KSS terus berkembang pesat dalam beberapa tahun terakhir. Volume perdagangan KSS meningkat, termasuk aliran investasi dan bantuan pembangunan antar negara berkembang. Forum dan lembaga KSS, antara lain BRICS, IBSA, dan NAM juga semakin solid.
Dibandungkan model-model kerjasama lainnya, kelebihan KSS adalah dianggap lebih setara, saling menguntungkan, tanpa kompromi kedaulatan, seperti kerjasama Utara-Selatan. Selain itu, KSS juga menggunakan prinsip solidaritas, gotong royong dan kepentingan bersama negara dunia ketiga.
Meski demikian, KSS juga memiliki kelemahan dalam koordinasi antar-negara. Akibatnya, KSS cenderung kurang optimal dalam mengatasi development problems bersama.
Kelemahan lainnya adalah sumber pembiayaan KSS juga terbatas. KSS sangat tergantung pada pendanaan dari negara yang lebih tinggi secara ekonomi.
Selama ini, peran Indonesia Indonesia aktif dalam KSS baik di tingkat bilateral, regional via ASEAN maupun global lewat G77 dan D-8. Indonesia menginisiasi program kerjasama teknik, pendidikan, dan bantuan lapangan bagi sesama negara Selatan.
Melalui peran-peran itu, Indonesia dianggap lebih tepat menempatkan diri sebagai middle power dalam diplomasi global. Peran, posisi, dan pengaruh Indonesia itu secara langsung menyanggah kritik dari salah satu capres bahwa Indonesia adalah penonton di panggung global.
Ketiga capres harus memahami peran Indonesia sebagai middle power. Negara middle power dicirikan dengan kemampuannya untuk menjadi mediator dan juru runding dalam konflik internasional, membangun koalisi dengan negara sekutu yang sehaluan, serta mengambil prakarsa dalam mengatasi masalah-masalah global.
Konsep middle power diplomacy sangat relevan untuk menganalisis dan sekaligus mendorong peran Indonesia sebagai kekuatan menengah yang progresif dan berpengaruh dalam berbagai kerjasama internasional, khususnya KSS.

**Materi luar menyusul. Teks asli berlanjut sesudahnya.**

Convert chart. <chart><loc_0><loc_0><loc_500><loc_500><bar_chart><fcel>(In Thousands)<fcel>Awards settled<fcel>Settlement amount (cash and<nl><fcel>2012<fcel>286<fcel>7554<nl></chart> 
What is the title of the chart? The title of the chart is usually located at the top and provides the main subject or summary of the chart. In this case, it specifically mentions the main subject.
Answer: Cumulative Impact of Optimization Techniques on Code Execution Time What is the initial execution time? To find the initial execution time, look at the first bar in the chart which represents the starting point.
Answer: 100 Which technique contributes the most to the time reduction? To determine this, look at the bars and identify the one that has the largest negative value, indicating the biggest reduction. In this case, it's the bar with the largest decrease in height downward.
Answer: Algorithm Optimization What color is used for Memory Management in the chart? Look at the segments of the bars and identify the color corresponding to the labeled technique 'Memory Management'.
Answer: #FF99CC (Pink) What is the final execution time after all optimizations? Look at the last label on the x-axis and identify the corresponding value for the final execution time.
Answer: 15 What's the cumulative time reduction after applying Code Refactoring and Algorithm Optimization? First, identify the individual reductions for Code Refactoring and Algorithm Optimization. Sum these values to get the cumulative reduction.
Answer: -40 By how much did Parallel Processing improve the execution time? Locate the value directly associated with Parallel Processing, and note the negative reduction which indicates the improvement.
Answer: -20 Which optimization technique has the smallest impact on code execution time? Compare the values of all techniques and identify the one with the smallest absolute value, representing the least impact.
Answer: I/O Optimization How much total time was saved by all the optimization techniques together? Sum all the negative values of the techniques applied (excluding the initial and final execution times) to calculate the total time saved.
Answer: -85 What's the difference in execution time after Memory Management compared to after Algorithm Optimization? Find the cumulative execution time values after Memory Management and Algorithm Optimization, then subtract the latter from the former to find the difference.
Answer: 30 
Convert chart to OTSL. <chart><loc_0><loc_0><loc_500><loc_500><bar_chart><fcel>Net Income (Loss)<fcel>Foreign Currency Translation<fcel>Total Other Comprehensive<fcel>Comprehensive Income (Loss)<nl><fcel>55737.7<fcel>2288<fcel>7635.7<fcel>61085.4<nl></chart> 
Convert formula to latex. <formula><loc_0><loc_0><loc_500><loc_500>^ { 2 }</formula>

Peran ini juga jauh dari tuduhan salah satu capres bahwa kebijakan luar negeri Indonesia bersifat transaksional. Melalui KSS, Indonesia menjalankan peran, posisi, dan pengaruhnya sebagai middle power. Prinsip solidaritas, kesetaraan, dan kemandirian menjadi nilai-nilai utama bagi KSS.
Aktivisme diplomasi middle power Indonesia bahkan bisa dirunut hingga masa pemerintahan Presiden Sukarno. Sejak Perdana Menteri Ali Sastroamidjojo dan Presiden Soekarno menggelar Konferensi Asia Afrika tahun 1955 di Bandung, Indonesia telah menjadi pelopor GNB dan solidaritas negara-negara dunia ketiga.
Melalui berbagai forum dan institusi seperti Gerakan Non-Blok, D-8, IBSA, WTO, dan NAM, Indonesia secara konsisten memainkan peran kepemimpinannya sebagai juru bicara Global South.